Already, Suluhu Hassan has slowly begun to shift the discourse around the coronavirus, wearing a mask on official visits to Uganda and Kenya, and while meeting with Tanzanian elders in Dar es Salaam.

She’s also pulled together a committee of experts to advise her on the coronavirus, who in May recommended that Tanzania join the COVAX vaccination program, follow World Health Organization and Regional Guidelines, and again begin to release data about the virus in Tanzania.

“I’m feeling happy and positive,” Singano told me just hours after the committee made its recommendations.
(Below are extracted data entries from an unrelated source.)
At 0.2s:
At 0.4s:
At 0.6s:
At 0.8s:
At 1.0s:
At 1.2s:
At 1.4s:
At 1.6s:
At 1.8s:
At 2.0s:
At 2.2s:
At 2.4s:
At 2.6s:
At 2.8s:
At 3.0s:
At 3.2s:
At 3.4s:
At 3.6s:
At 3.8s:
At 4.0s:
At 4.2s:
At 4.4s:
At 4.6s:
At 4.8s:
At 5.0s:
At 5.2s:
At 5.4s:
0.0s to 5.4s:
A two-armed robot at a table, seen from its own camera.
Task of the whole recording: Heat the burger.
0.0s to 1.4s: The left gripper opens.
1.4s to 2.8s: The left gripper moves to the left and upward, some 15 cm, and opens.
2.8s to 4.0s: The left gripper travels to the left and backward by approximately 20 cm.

It remains to be seen just how far Suluhu Hassan, a long-time member of the CCM cadre, will go in breaking with the politics that defined Magufuli’s tenure. She so far appears hesitant to do so. “Samia and Magufuli are the same person. I have been following the debate and it is unhealthy for our nation,” Suluhu Hassan recently told lawmakers bent on discussing Magufuli’s legacy.
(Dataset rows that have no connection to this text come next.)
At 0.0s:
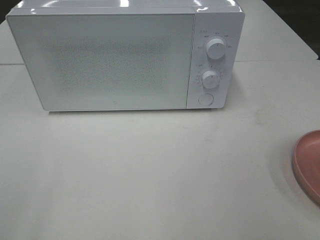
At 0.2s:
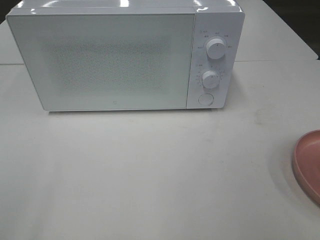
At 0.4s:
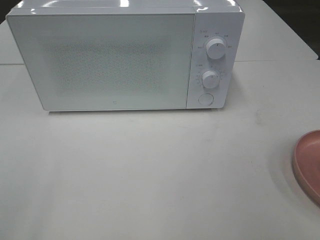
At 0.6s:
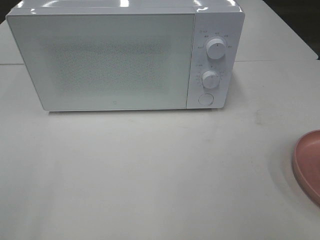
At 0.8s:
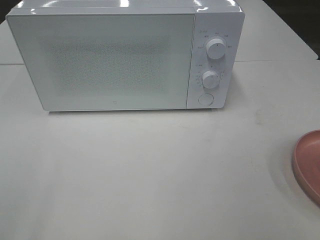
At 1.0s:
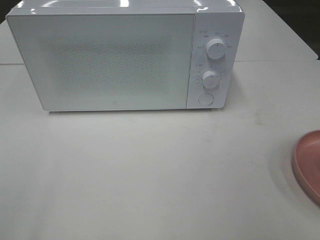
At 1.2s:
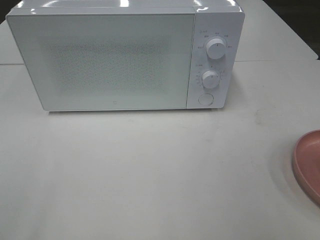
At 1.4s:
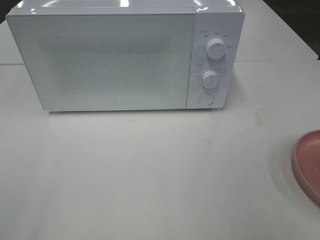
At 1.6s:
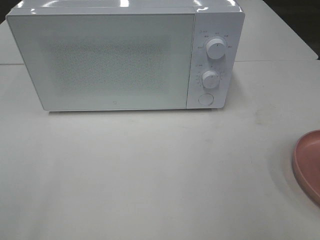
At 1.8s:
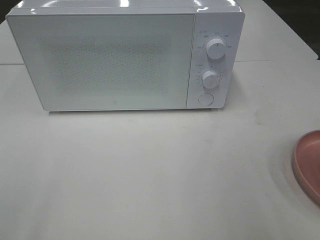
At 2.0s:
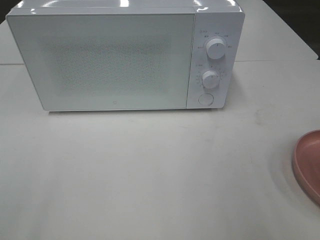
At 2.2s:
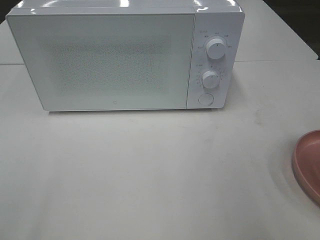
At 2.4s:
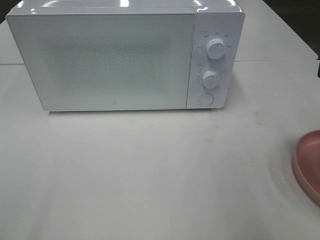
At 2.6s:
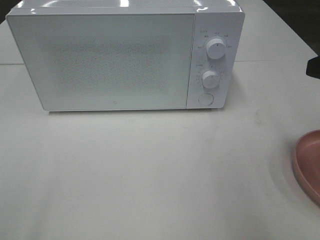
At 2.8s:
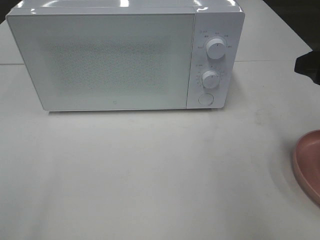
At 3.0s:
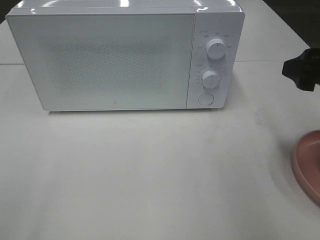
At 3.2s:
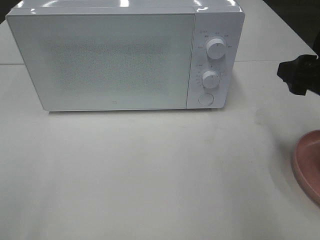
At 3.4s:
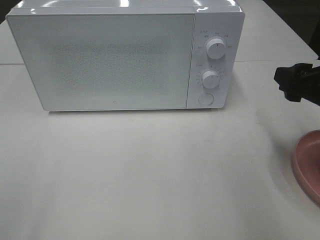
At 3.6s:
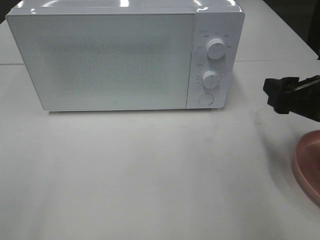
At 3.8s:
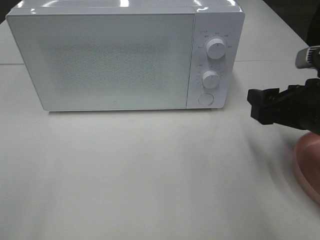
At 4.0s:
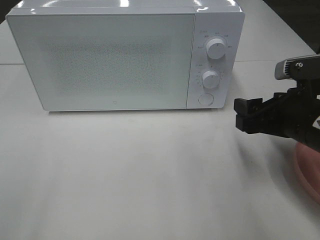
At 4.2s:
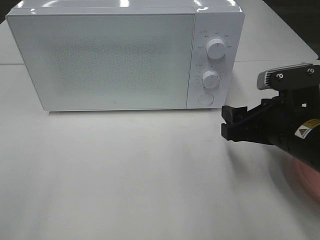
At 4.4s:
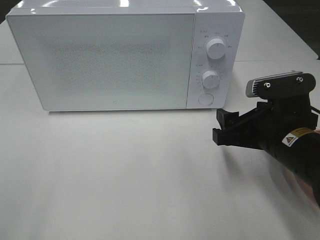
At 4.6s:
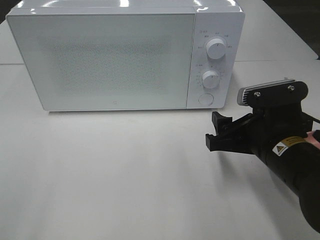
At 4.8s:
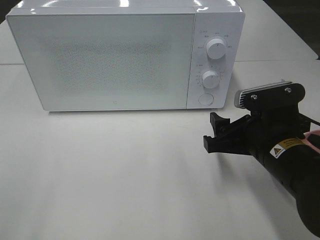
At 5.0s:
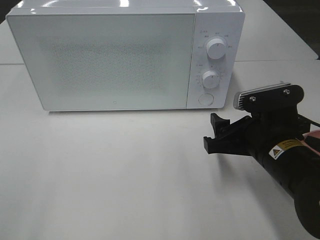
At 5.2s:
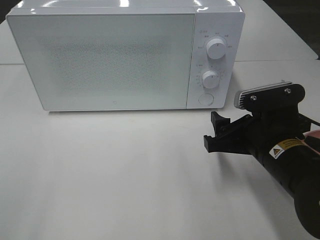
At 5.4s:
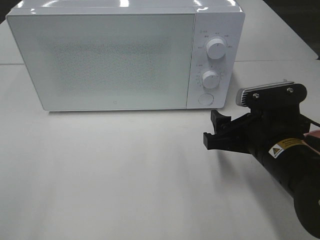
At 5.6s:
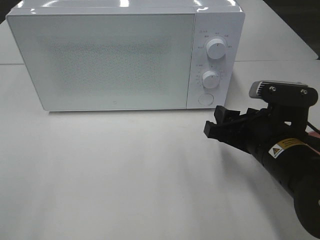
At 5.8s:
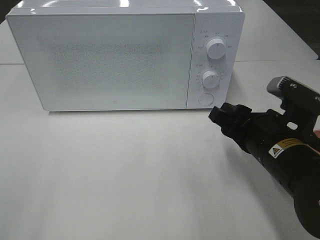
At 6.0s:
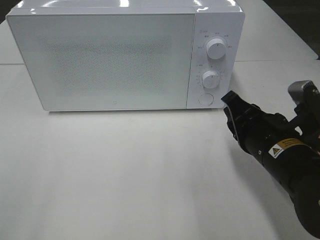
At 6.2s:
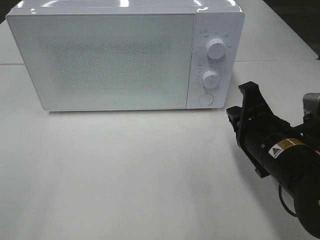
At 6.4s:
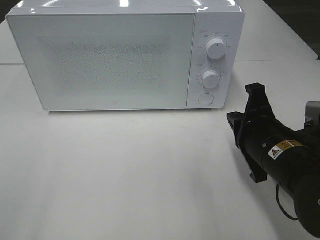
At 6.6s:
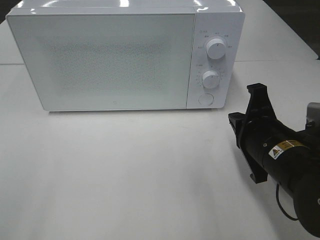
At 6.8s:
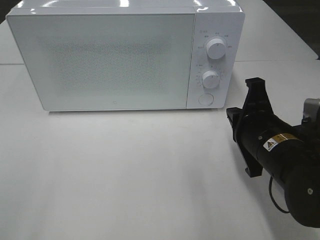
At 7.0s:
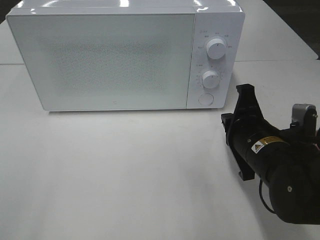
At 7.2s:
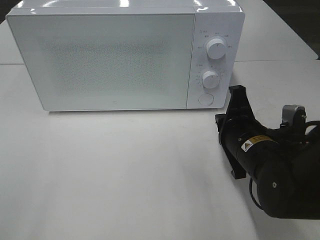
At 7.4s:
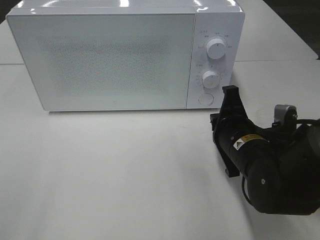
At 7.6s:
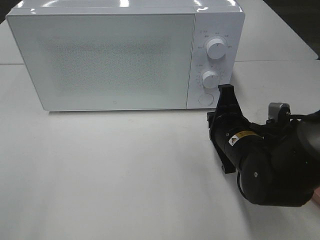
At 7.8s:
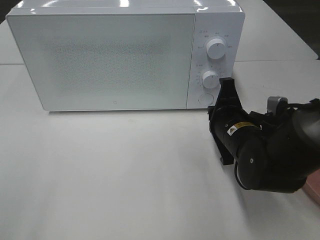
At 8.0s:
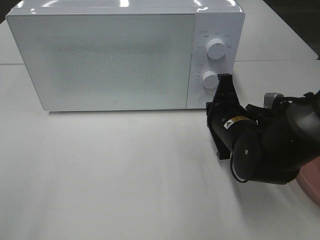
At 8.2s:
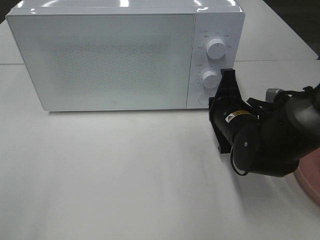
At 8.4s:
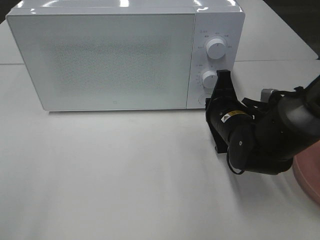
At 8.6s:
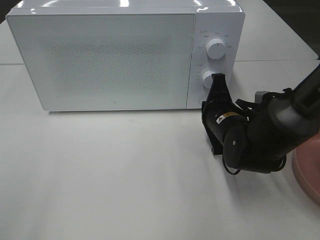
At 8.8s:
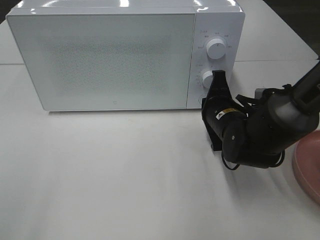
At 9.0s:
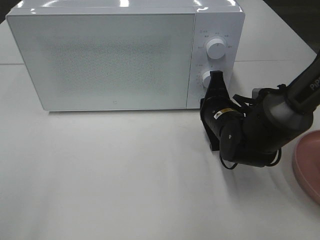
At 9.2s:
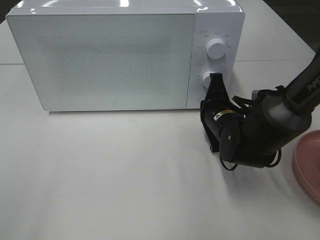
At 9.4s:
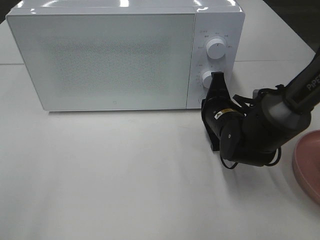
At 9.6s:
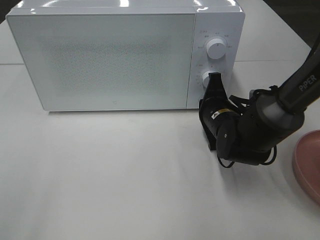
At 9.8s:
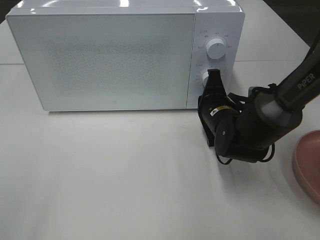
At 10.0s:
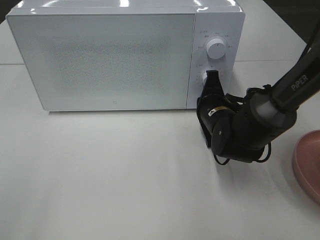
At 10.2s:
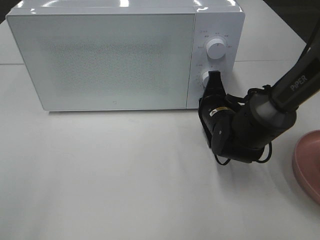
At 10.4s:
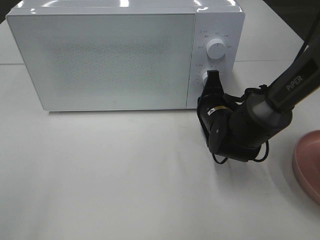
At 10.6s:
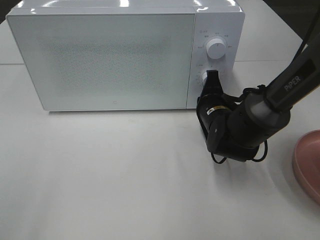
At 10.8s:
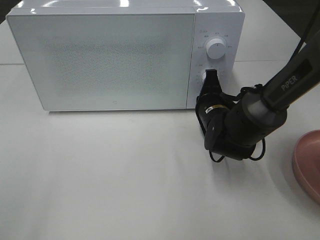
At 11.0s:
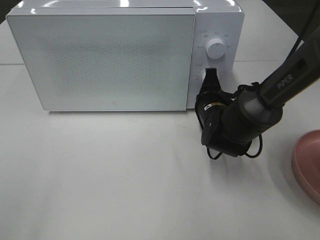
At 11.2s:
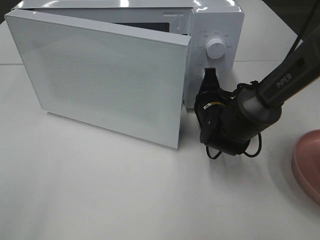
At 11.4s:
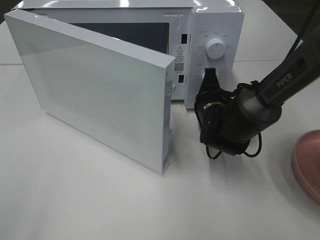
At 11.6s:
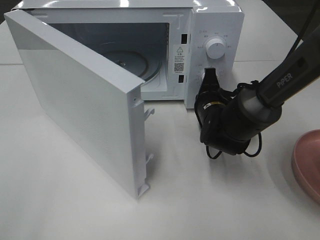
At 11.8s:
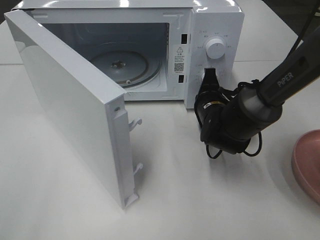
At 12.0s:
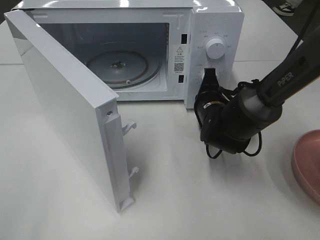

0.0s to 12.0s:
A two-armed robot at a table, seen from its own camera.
Task of the whole recording: Heat the burger.
1.6s to 3.0s: The right gripper travels forward and downward by approximately 15 cm.
3.0s to 4.4s: The right gripper travels downward and to the left by some 15 cm.
4.4s to 6.0s: The right gripper closes up.
6.0s to 7.6s: The right gripper shifts by roughly 5 cm.
7.6s to 9.0s: The right gripper goes approximately 5 cm forward.
9.0s to 10.4s: There are only small adjustments of the grippers.

Suluhu Hassan has said that her government is checking to see if COVID-19 vaccines available in other countries could be brought to Tanzania, but has yet to actually enact a vaccination campaign. And the country has still not released new data about infection rates .

Some of the cabinet, including Gwajima, who under Magufuli promoted steam and smoothies, remains in positions of power. And while Suluhu Hassan is less averse to mask wearing than Magufuli was, her use of protective gear is inconsistent, and she neglected to wear a face covering on a recent trip to Zanzibar.

Sarungi, the Kwanza TV director, says confusion about basic safety measures endures. “[Magufuli] stigmatized the vaccine; he stigmatized the wearing of masks,” she said. “There are people, even if it is just a small percent, who believe it and who trusted him, and continue to be very suspicious of the masks.”

For now, however, many Tanzanians are simply relieved to see the seeming beginnings of a shift under Suluhu Hassan. “She started with so much grace and so much promise,” Chambi Chachage, a Tanzanian scholar of African politics at Princeton University, said. “People are just happy that it is better than it was.”